PRAIRIE HARVEST DOG - Chicken, Whitefish, Walleye, Eggs 
PACIFICA Dog - Salmon, Pacific Herring, Flounder 
Grasslands Dog - New Zealand Lamb, Northern Pike, Eggs 

Here are the ingredients of the 3 in order: 

Prairie Harvest Dog: 

Chicken meal, russet potato, fresh free-run chicken, peas, chicken fat (preserved with mixed tocopherals and rosemary), fresh walleye, pumpkin, fresh whole eggs, sun-cured alfalfa leaf, fresh northern Lake Whitefish, chicken cartilage (a natural source of glucosamine and chondroitin), red delicious apples, carrots, turnip greens, organic kelp, organic bladderwrack, organic dulse, juniper berries, cranberries, Saskatoon berries, angelica root, chicory root, red clover, red raspberry leaf, dandelion root, peppermint leaf, marigold flowers, chamomile flowers, rosemary extract, Enterococcus faecium. Vitamins (vit. A, vit. D3, vit. E, niacin, riboflavin, lysine, thiamine mononitrate, vit.
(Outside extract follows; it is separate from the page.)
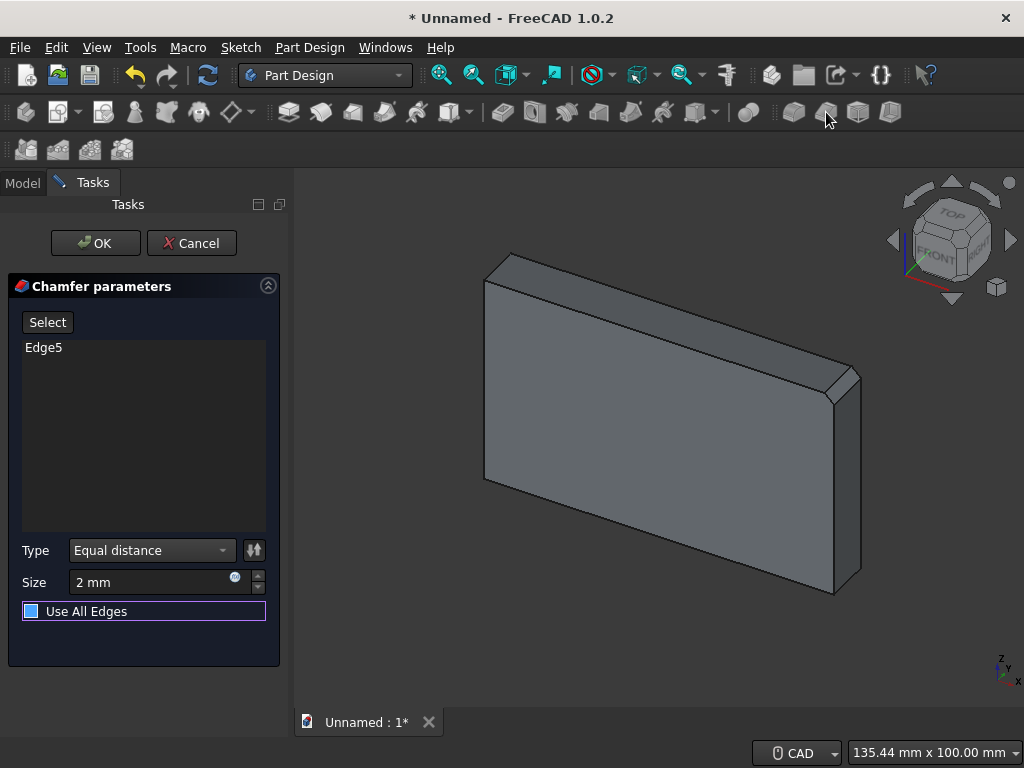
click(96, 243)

B12, pyridoxine, folic acid, biotin). Minerals (iron proteinate, zinc proteinate, manganeseproteinate, cobalt proteinate, copper proteinate). 
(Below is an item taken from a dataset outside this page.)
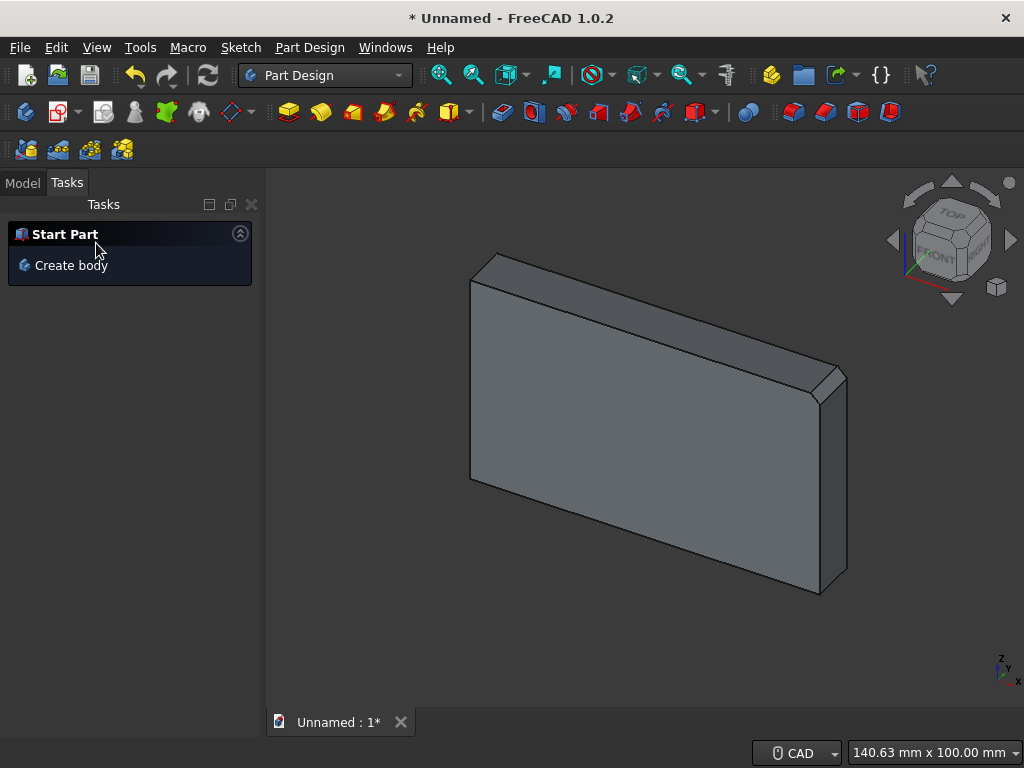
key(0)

Protein .....................................34 % 
Fat ..........................................17 % 
Fiber ...................................... 3.5 % 
Calcium .................................. 1.3 % 
Phosphorus ............................. 1.1 % 
Omega-6................................. 2.2 % 
Omega-3 ................................ 0.4 % 
Glucosamine ....................800 mg/kg 
Chondroitin .......................500 mg/kg 
Carbohydrate ...........................27 % 
Sodium ................................... 0.2 % 
Chloride................................... 0.3 % 
Potassium................................ 0.5 % 
Magnesium ........................... 0.08 % 
Iron ..................................300 mg/kg 
Zinc .................................270 mg/kg 
Copper...............................20 mg/kg 
Manganese.........................38 mg/kg 
Cobalt ..................................... 0.5 % 
Iodine................................2.3 mg/kg 
Selenium...........................0.4 mg/kg 
Vitamin B3 (niacin).............250 mg/kg 
Vitamin B5 (pan. acid) ..........40 mg/kg 
Vitamin B6 (pyridoxine) ........32 mg/kg 
Vit. B12 (cyanocobalamin) ..400 ug/kg 
Biotin ................................0.6 mg/kg 
Folic Acid...........................3.5 mg/kg 
Choline...........................3350 mg/kg 
Vitamin A ............................18 KIU/kg 
Vitamin D3........................2000 IU/kg 
Vitamin E ............................400 IU/kg 
Vitamin K..............................2 mg/kg 
Vitamin C............................85 mg/kg 
Vitamin B1 (thiamine)...........75 mg/kg 
Vitamin B2 (riboflavin) ......... 44 mg/kg 
Lysine ......................................1.9 % 
Threonine ................................1.5 % 
Methionine .............................. 0.9 % 
Isoleucine .................................1.2 % 
Leucine ....................................2.2 % 
Valine ......................................1.5 % 
Arginine....................................2.2 % 
Phenylalanine ...........................1.2 % 
Histidine ...................................1.0 % 
Cystine ....................................0.5 % 
Taurine ................................... 0.5 % 

ME (metabolizable energy) is 4200 kcal/kg (420 kcal per 250 ml cup) with 35% of energy from protein, 35% from fat and 30% from regional fruits and vegetables. 

PACIFICA Dog: 

Salmon meal, russet potato, peas, fresh boneless salmon (source of DHA), fresh boneless herring, herring meal, pumpkin, fresh boneless flounder, salmon oil (preserved with mixed tocopherols and rosemary), ground lobster shell (natural source of glucosamine), sun-cured alfalfa leaf, red delicious apples, carrots, turnip greens, organic kelp, organic bladderwrack, organic dulse, juniper berries, cranberries, Saskatoon berries, black currants, angelica root, chicory root, red clover, red raspberry leaf, dandelion root, peppermint leaf, marigold flowers, chamomile flowers, rosemary,Lactobacillus acidophilus, Enterococcus faecium. Vitamins (vit. A, vit. D3, vit. E, niacin, riboflavin, lysine, thiamine mononitrate, vit. B12, pyridoxine, folic acid, biotin). Minerals (iron proteinate, zinc proteinate, manganese proteinate, cobalt proteinate, copper proteinate). 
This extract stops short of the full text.